Tech Talk: Bruno Martins

Date and Time
Location
online
Tech Talk: Bruno Martins

Challenges in resolving place names over text

Bruno Martins

University of Lisbon

11:30 a.m. Tuesday, November 17, 2020 | Zoom*

 

Abstract: Toponym resolution concerns the disambiguation of place names in textual documents, envisioning the support for applications such as geographical search or the mapping of textually encoded information. Place names are first recognized through a named entity recognition model, and the disambiguation is then achieved by associating each of the place references to a unique position on the Earth’s surface, e.g., through the assignment of geospatial coordinates. The toponym resolution task is particularly challenging, given that place references are highly ambiguous (i.e., distinct locations can share the same place name, and multiple names can be used to refer to the same place). In this talk, I will discuss techniques for toponym resolution, with a particular emphasis on a novel deep learning approach. Contrarily to most previous methods, the novel approach does not involve matching references in the text against entries in a gazetteer, instead directly predicting geospatial coordinates. In brief, the neural network architecture considers multiple inputs (e.g.,the toponym to disambiguate together with the surrounding words), leveraging pre-trained contextual word embeddings for modeling the textual data. The intermediate representations are then used to predict a probability distribution over possible geospatial regions, and finally to predict the coordinates for the input toponym. I will present evaluation results over different types of corpora (e.g., modern newswire text or historical documents), and I will discuss the impact of model extensions related to (i) the use of external information concerning geophysical terrain properties, including information on terrain development or elevation, among others, and (ii) additional training data collected from Wikipedia articles, to guide and further help with model training.

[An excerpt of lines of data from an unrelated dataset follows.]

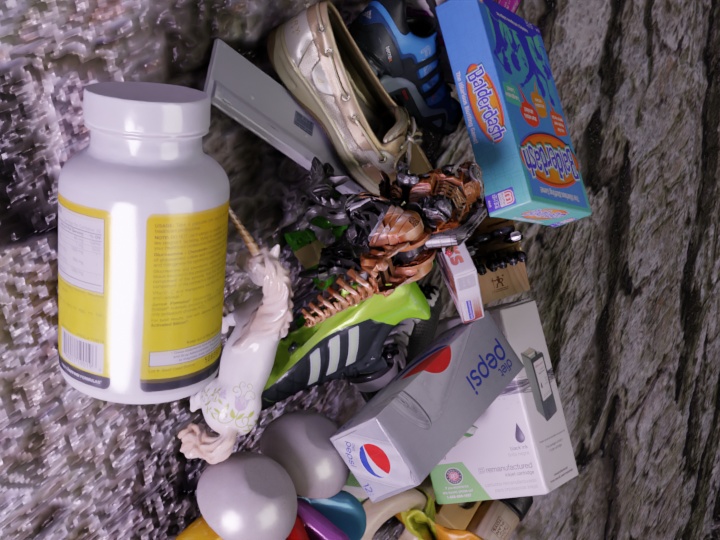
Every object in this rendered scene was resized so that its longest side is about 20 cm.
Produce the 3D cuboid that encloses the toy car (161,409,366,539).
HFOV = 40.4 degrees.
[{"bbox_3d":[-0.069,0.229,0.818,0.200,0.150,0.175,-29,157,-55],"label":"toy car"}]

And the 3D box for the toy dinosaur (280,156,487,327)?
[{"bbox_3d":[0.018,-0.031,0.755,0.200,0.135,0.103,-23,117,-49],"label":"toy dinosaur"}]

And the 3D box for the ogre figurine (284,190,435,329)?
[{"bbox_3d":[0.000,0.000,0.915,0.120,0.098,0.201,-28,117,-34],"label":"ogre figurine"}]

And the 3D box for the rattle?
[{"bbox_3d":[0.026,0.316,1.019,0.200,0.143,0.130,-7,132,-43],"label":"rattle"}]

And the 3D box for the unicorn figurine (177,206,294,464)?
[{"bbox_3d":[-0.092,0.056,0.766,0.074,0.137,0.201,5,89,-20],"label":"unicorn figurine"}]

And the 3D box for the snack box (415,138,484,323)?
[{"bbox_3d":[0.071,-0.048,0.925,0.024,0.200,0.072,-20,140,0],"label":"snack box"}]

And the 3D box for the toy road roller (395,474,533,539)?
[{"bbox_3d":[0.098,0.284,1.210,0.200,0.146,0.123,46,60,-14],"label":"toy road roller"}]

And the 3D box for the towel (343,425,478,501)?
[{"bbox_3d":[0.006,0.192,0.973,0.200,0.023,0.152,-34,152,17],"label":"towel"}]

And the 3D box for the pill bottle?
[{"bbox_3d":[-0.146,-0.020,0.660,0.112,0.112,0.201,-19,121,-53],"label":"pill bottle"}]

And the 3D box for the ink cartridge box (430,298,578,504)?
[{"bbox_3d":[0.139,0.145,1.083,0.084,0.145,0.201,-9,84,-52],"label":"ink cartridge box"}]

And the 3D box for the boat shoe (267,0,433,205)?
[{"bbox_3d":[0.007,-0.133,0.817,0.201,0.063,0.073,50,38,-23],"label":"boat shoe"}]

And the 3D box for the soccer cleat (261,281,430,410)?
[{"bbox_3d":[-0.027,0.073,0.852,0.200,0.068,0.081,-38,117,11],"label":"soccer cleat"}]

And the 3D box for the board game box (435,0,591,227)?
[{"bbox_3d":[0.146,-0.145,0.914,0.152,0.045,0.201,2,72,-58],"label":"board game box"}]

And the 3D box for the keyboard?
[{"bbox_3d":[-0.048,-0.113,0.797,0.200,0.011,0.056,32,49,-40],"label":"keyboard"}]

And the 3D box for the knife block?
[{"bbox_3d":[0.117,-0.060,0.992,0.200,0.064,0.176,-103,175,-49],"label":"knife block"}]

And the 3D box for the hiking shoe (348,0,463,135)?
[{"bbox_3d":[0.055,-0.188,0.911,0.087,0.074,0.200,-56,150,9],"label":"hiking shoe"}]

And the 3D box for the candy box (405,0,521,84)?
[{"bbox_3d":[0.088,-0.288,0.943,0.137,0.061,0.200,-65,147,-12],"label":"candy box"}]

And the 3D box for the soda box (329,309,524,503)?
[{"bbox_3d":[0.063,0.113,0.857,0.068,0.063,0.200,56,43,-2],"label":"soda box"}]

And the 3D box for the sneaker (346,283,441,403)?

Bio: Bruno Martins is an assistant professor at the Computer Science and Engineering Department of Instituto Superior Técnico of the University of Lisbon (IST/UL), and a researcher at the Information and Decision Support Systems Lab of INESC-ID, where he works on problems related to the general areas of information retrieval, text mining, and the geographical information sciences. He received his MSc and PhD degrees from the Faculty of Sciences of the University of Lisbon, both in Computer Science. Bruno has been involved in several research projects related to geospatial aspects in information access and retrieval, and he has accumulated significant expertise in addressing challenges at the intersection of language technologies, machine learning, and the geographical information sciences. He and his students have worked on many different application areas, and he is proudest of the many PhD/MSc students who have graduated under his supervision and are now building wonderful careers.

The Spatial Tech Talks are designed to stimulate discussion and interaction within the university’s spatial technology community, as well as to promote sharing of tools and techniques for mapping and spatial analysis.